■ Brief
Print, in exact form, the lines below from the one containing "Answer in list order. Enclose" through the one containing "- hole punch <box>93,93,197,199</box>", and omit all others.

■ Material provided
=-=-=-=-=

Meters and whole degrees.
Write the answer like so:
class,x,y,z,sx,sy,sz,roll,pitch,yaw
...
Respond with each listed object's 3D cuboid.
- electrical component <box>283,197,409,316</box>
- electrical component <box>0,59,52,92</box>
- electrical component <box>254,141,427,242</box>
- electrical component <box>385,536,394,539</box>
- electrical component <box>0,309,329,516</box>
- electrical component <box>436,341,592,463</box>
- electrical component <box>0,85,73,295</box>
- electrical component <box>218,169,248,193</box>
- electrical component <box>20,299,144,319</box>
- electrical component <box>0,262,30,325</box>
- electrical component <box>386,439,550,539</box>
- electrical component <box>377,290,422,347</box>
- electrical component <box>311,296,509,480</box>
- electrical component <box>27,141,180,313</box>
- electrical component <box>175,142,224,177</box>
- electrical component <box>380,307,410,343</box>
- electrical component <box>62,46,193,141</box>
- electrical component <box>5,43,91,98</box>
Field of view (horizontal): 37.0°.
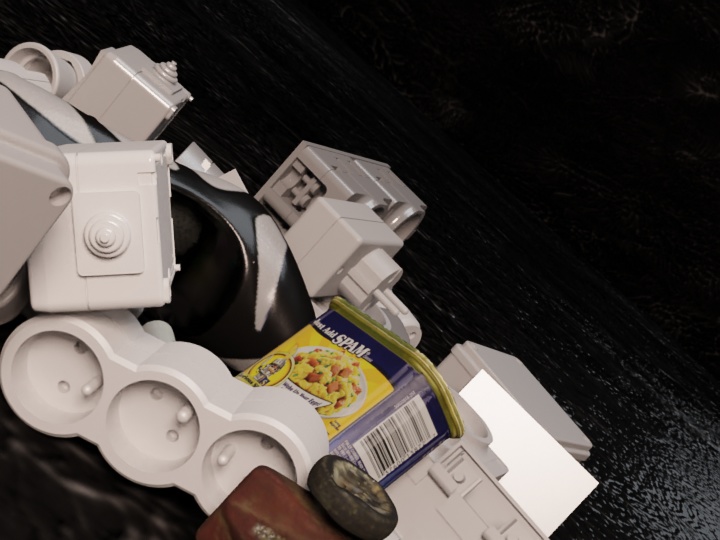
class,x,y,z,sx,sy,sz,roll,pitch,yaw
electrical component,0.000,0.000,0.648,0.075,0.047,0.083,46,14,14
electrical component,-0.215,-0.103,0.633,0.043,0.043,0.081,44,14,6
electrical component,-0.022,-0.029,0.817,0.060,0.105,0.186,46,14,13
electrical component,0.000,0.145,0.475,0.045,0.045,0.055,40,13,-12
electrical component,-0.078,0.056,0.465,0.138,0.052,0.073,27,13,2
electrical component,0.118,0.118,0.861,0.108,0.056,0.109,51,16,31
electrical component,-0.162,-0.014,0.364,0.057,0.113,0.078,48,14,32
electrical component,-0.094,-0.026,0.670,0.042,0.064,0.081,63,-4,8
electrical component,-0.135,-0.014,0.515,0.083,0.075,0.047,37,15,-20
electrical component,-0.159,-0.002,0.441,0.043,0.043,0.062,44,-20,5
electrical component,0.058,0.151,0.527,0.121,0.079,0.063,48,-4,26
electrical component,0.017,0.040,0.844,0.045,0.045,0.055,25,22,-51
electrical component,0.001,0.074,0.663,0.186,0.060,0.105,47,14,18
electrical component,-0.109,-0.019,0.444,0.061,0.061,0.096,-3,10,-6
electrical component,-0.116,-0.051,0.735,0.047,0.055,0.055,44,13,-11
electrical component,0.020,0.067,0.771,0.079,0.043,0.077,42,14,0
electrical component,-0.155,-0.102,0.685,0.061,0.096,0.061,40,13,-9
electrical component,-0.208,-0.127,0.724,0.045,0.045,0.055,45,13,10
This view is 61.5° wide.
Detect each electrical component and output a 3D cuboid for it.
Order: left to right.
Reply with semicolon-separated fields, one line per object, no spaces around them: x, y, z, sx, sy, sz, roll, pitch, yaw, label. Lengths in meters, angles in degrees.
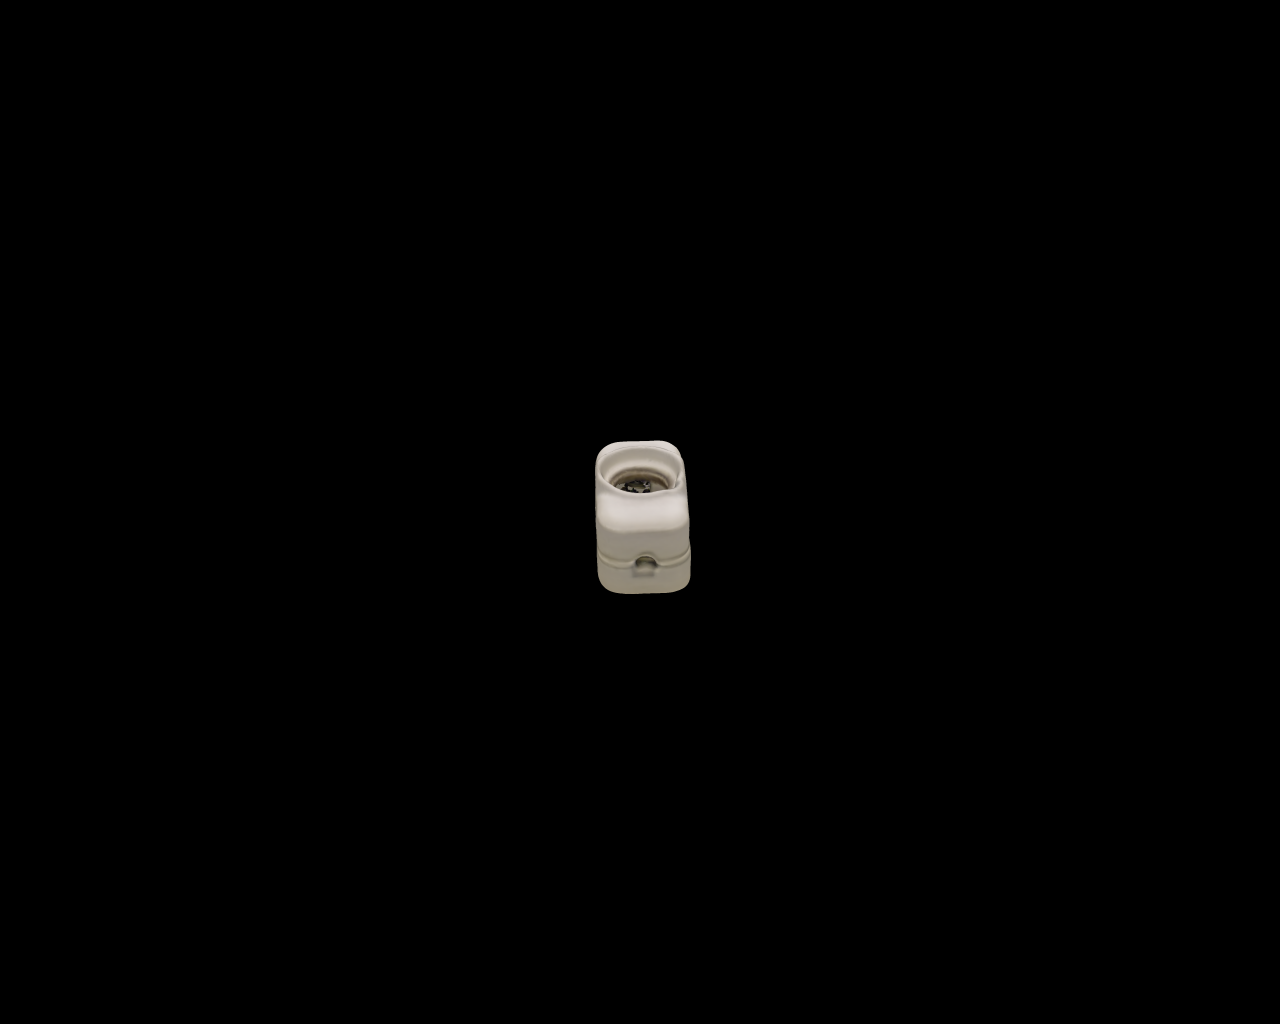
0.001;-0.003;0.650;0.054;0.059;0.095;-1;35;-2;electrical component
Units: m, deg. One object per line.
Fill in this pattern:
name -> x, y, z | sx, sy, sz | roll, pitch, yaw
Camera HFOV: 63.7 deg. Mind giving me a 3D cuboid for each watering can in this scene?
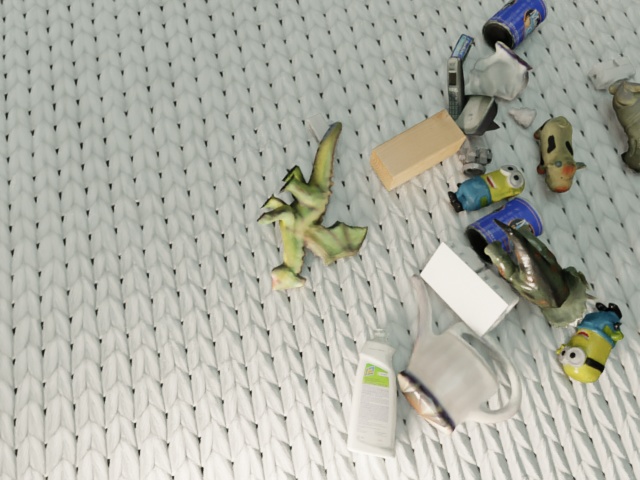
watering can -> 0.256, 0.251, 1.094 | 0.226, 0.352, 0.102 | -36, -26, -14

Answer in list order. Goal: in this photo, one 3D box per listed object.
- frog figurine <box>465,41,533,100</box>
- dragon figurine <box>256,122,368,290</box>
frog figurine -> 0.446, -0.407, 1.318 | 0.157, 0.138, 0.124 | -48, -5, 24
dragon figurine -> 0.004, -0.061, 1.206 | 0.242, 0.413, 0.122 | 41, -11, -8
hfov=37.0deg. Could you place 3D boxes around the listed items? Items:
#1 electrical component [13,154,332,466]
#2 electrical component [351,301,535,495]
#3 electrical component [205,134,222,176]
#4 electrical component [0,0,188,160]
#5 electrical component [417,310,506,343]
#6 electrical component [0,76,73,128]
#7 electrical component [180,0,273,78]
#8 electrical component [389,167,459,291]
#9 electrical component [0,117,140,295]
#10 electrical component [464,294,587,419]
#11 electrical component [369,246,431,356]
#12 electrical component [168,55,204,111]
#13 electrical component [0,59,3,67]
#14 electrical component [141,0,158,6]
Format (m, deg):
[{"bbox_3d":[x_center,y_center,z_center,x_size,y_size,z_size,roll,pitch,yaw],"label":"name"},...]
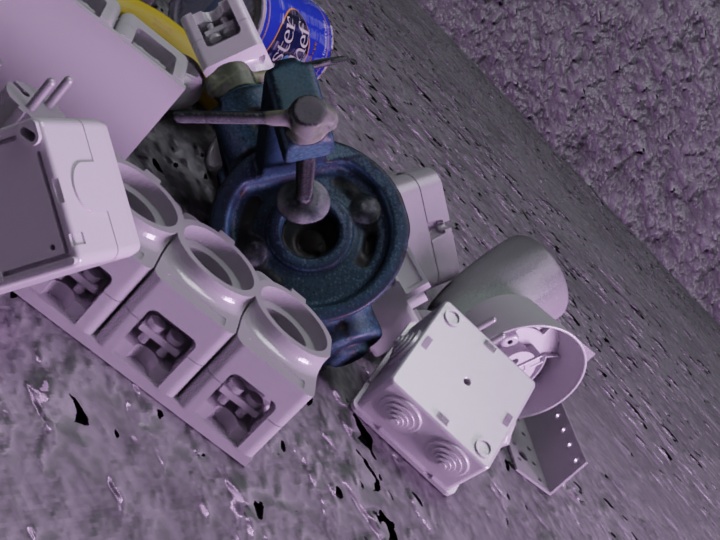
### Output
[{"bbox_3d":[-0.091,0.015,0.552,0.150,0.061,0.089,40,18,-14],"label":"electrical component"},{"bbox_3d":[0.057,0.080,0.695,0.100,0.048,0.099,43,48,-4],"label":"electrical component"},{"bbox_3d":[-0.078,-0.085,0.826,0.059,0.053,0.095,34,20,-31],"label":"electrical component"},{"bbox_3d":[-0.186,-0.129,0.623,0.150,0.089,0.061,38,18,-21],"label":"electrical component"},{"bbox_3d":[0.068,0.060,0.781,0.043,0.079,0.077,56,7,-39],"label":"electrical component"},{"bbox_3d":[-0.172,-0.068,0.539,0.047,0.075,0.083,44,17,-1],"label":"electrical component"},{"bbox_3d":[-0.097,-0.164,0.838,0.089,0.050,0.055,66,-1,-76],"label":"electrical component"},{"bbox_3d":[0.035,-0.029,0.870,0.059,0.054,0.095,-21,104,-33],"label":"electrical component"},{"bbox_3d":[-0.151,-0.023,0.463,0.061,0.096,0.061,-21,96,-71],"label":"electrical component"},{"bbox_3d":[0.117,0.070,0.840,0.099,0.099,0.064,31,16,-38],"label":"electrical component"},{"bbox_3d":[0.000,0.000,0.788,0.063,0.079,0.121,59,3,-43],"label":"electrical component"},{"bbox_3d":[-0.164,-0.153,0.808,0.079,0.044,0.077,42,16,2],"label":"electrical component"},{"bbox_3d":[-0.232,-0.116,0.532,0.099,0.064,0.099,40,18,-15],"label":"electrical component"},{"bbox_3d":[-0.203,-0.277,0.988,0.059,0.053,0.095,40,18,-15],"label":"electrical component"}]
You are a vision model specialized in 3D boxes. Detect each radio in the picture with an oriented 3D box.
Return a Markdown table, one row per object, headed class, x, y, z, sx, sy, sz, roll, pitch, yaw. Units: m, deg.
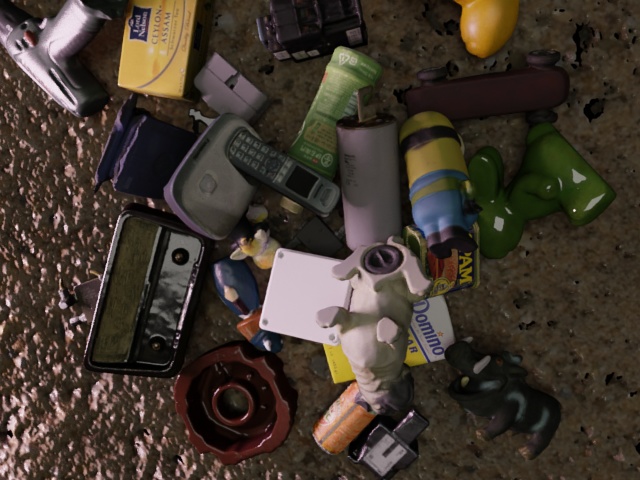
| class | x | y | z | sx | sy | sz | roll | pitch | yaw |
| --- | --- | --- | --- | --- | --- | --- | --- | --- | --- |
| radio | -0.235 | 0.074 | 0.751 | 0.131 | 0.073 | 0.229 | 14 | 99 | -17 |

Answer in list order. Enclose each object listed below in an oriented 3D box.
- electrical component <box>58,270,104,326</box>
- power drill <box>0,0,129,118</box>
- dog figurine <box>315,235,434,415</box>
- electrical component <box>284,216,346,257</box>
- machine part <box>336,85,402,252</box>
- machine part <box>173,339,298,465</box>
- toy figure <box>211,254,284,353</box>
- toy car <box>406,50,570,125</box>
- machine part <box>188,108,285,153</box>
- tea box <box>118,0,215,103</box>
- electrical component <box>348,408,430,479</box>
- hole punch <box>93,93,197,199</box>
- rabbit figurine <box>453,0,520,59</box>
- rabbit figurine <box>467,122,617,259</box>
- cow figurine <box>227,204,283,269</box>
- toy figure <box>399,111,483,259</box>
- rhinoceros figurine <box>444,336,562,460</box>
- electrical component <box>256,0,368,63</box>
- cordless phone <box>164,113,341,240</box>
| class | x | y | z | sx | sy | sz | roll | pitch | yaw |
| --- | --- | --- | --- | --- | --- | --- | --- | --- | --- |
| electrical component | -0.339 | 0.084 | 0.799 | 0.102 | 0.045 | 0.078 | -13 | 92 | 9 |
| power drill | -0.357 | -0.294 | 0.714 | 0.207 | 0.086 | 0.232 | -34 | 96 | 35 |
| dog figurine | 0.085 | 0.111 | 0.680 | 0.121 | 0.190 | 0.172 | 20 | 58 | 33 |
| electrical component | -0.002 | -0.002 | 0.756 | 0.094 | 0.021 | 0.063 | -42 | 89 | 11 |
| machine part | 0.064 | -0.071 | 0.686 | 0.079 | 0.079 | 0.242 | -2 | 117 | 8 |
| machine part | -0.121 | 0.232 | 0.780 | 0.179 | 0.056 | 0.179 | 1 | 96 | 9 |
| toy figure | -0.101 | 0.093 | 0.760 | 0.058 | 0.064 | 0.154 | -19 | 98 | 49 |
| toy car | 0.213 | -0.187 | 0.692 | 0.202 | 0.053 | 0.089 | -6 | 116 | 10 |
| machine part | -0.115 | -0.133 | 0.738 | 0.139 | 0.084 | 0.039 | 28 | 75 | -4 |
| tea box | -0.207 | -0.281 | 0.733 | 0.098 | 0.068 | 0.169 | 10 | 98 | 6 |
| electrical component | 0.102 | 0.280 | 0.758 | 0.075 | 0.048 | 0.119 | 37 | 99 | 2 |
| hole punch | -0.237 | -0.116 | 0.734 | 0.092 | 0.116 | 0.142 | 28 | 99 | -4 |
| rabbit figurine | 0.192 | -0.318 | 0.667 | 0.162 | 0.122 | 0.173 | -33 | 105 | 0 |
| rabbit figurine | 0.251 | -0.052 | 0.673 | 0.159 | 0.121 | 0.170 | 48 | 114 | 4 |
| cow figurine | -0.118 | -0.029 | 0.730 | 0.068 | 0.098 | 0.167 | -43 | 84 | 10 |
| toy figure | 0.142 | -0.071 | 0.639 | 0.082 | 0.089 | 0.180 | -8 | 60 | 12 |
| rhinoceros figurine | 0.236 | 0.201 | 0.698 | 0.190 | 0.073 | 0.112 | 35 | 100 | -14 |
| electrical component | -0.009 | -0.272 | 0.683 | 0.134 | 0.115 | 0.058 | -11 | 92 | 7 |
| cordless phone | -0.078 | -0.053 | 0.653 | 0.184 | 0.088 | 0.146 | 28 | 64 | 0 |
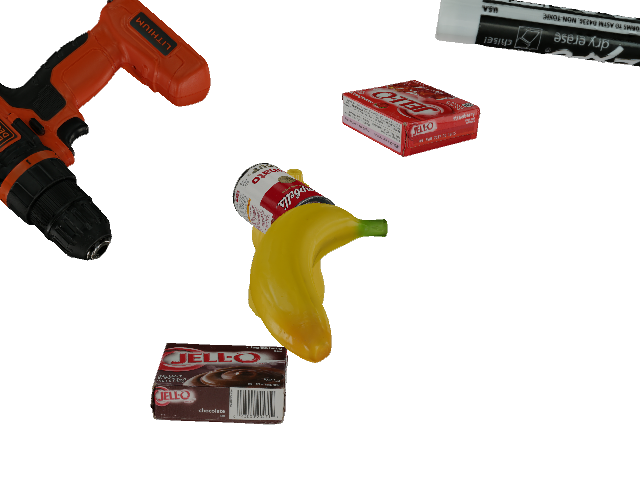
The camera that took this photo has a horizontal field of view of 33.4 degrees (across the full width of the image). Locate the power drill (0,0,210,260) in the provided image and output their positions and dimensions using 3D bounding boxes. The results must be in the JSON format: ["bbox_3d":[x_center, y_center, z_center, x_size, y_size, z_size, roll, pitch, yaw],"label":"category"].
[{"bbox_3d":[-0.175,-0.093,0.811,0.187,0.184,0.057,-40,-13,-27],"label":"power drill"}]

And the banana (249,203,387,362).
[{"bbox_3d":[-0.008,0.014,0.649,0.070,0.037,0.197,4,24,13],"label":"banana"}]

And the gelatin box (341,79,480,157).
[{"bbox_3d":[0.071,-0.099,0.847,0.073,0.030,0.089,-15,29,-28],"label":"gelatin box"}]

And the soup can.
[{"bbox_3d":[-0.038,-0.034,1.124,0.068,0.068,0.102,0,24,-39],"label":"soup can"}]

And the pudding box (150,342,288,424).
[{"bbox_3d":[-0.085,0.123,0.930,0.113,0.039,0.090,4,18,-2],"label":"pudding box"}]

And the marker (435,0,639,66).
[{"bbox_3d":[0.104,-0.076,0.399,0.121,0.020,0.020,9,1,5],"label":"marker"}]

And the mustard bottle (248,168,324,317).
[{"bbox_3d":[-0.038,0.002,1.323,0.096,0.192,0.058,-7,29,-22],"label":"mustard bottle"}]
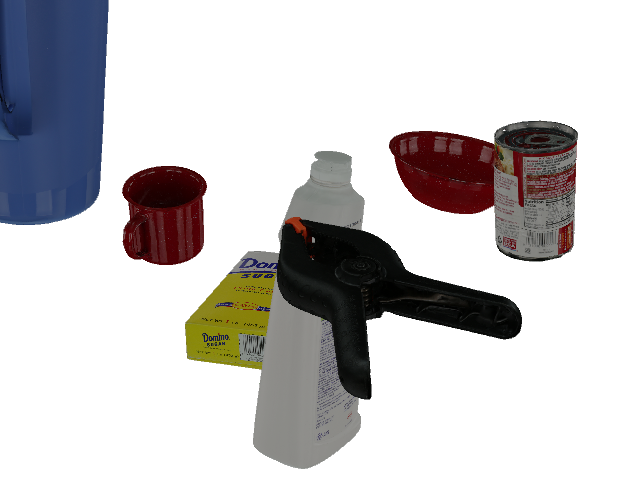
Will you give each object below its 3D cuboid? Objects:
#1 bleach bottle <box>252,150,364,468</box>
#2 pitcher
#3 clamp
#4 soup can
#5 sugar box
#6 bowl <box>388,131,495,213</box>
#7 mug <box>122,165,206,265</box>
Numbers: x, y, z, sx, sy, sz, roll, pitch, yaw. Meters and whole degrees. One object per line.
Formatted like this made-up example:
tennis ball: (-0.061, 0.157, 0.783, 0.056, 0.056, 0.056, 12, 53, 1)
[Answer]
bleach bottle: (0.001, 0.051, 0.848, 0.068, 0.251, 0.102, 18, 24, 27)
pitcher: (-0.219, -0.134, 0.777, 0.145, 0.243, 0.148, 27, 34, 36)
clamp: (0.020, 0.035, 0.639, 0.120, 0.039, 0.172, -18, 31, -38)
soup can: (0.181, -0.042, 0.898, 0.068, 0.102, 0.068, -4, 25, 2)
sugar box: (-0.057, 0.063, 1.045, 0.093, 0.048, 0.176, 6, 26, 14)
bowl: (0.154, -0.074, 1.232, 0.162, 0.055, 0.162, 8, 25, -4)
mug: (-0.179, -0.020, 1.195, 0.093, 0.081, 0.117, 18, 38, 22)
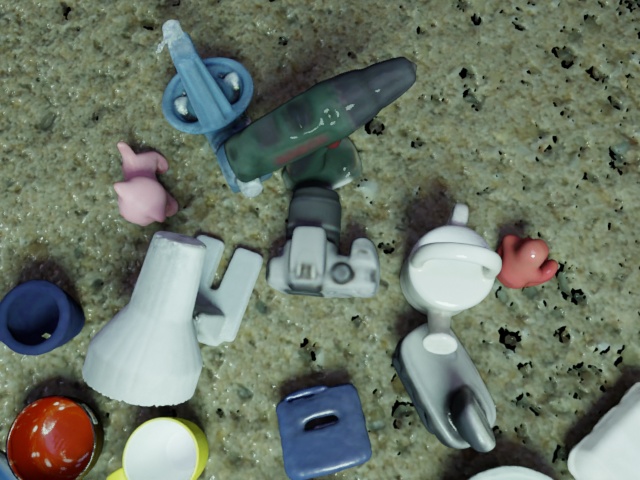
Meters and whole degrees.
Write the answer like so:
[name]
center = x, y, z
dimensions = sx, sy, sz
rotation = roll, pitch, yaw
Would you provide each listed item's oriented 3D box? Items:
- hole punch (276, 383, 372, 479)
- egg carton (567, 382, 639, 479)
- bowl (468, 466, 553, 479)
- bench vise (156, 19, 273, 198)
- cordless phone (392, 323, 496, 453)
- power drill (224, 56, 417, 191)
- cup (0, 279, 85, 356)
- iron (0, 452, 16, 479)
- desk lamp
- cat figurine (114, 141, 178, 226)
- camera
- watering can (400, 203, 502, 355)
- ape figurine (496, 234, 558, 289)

=-=-=-=-=

■ Answer to this exercise
Answer in list order. Enclose each object listed below in an oriented 3D box.
- electrical component <box>58,270,104,326</box>
- power drill <box>0,0,129,118</box>
- dog figurine <box>315,235,434,415</box>
- electrical component <box>284,216,346,257</box>
- machine part <box>336,85,402,252</box>
- machine part <box>173,339,298,465</box>
- toy figure <box>211,254,284,353</box>
- toy car <box>406,50,570,125</box>
- machine part <box>188,108,285,153</box>
- tea box <box>118,0,215,103</box>
- electrical component <box>348,408,430,479</box>
- hole punch <box>93,93,197,199</box>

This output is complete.